** Listed records follows **

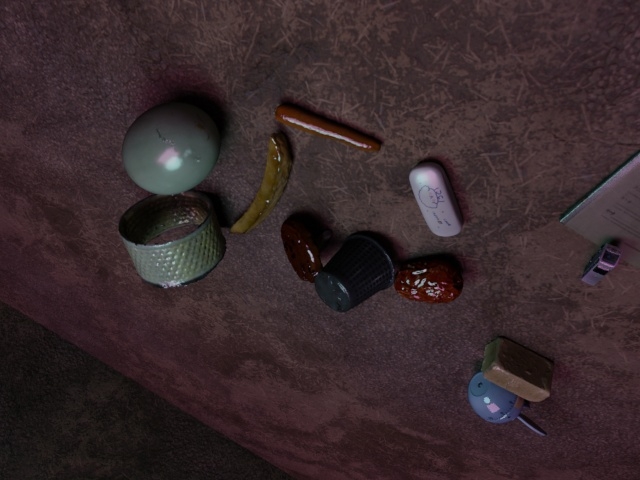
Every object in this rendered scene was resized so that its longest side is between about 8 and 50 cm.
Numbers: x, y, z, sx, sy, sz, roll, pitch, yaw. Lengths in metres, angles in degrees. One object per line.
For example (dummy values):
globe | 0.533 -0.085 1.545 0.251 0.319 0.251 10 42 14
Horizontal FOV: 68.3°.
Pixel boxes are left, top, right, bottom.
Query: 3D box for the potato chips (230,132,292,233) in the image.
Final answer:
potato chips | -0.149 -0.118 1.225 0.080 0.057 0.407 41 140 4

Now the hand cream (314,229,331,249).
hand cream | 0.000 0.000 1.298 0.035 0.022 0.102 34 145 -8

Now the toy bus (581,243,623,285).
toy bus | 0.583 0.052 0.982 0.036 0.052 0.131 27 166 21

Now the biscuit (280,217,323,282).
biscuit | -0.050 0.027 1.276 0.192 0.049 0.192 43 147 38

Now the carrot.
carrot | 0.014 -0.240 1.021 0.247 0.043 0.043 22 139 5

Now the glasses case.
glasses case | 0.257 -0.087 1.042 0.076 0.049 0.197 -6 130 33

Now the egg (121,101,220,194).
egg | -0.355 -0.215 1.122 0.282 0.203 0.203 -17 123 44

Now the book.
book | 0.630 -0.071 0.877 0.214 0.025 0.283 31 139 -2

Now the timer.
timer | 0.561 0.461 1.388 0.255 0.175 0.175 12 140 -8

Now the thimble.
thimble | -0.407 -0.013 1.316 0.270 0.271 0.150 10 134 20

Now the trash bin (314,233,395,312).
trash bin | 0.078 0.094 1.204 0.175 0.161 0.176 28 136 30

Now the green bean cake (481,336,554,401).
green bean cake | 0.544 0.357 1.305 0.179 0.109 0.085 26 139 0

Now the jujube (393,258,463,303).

** End of Listed records **
** Listed records follows **

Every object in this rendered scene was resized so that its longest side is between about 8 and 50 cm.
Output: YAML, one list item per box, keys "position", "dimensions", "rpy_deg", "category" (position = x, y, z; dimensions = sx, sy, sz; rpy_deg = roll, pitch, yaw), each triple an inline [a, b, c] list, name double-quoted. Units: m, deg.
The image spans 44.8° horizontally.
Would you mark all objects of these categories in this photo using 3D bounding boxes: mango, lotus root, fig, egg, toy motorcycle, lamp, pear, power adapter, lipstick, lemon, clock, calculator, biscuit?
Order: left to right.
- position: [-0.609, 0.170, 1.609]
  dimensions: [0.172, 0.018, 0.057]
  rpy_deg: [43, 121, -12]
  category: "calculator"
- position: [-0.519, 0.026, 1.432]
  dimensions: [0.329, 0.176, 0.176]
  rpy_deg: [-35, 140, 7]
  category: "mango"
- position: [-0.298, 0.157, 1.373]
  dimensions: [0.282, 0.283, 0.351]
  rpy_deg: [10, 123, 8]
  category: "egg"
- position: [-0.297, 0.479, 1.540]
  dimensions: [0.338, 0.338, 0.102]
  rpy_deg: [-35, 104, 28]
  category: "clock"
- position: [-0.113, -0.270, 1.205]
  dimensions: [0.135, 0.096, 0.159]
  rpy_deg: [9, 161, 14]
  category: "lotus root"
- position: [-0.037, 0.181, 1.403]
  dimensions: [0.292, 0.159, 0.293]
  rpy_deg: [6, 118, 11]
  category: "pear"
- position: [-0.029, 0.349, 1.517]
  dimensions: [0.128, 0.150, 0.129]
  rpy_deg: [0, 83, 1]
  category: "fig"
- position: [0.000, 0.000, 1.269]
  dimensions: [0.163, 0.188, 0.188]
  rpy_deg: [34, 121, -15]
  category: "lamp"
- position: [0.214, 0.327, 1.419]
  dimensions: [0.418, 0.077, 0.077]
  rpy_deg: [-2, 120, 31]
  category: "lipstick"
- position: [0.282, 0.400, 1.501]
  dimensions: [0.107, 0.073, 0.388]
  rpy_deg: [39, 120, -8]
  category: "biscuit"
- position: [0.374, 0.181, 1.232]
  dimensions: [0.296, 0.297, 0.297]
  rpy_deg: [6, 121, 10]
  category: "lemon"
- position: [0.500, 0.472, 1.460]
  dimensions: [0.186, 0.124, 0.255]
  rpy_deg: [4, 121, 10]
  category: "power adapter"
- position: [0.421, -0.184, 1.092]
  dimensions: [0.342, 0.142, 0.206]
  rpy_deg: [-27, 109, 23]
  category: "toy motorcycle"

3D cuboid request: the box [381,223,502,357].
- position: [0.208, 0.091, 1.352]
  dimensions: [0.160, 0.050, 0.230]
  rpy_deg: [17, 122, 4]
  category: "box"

** End of Listed records **

◆ Exercise goal
Scan the records above and show every line in which the word "roll" occurs.

◆ Answer space
Numbers: x, y, z, sx, sy, sz, roll, pitch, yaw. Lengths in metres, angles in degrees. One object per line.
Output: YAML, one list item per box, keys "position", "dimensions", "rpy_deg", "category" (position = x, y, z; dimensions = sx, sy, sz; rpy_deg = roll, pitch, yaw), each triple an inline [a, b, c] list, name double-quoted. Units: m, deg.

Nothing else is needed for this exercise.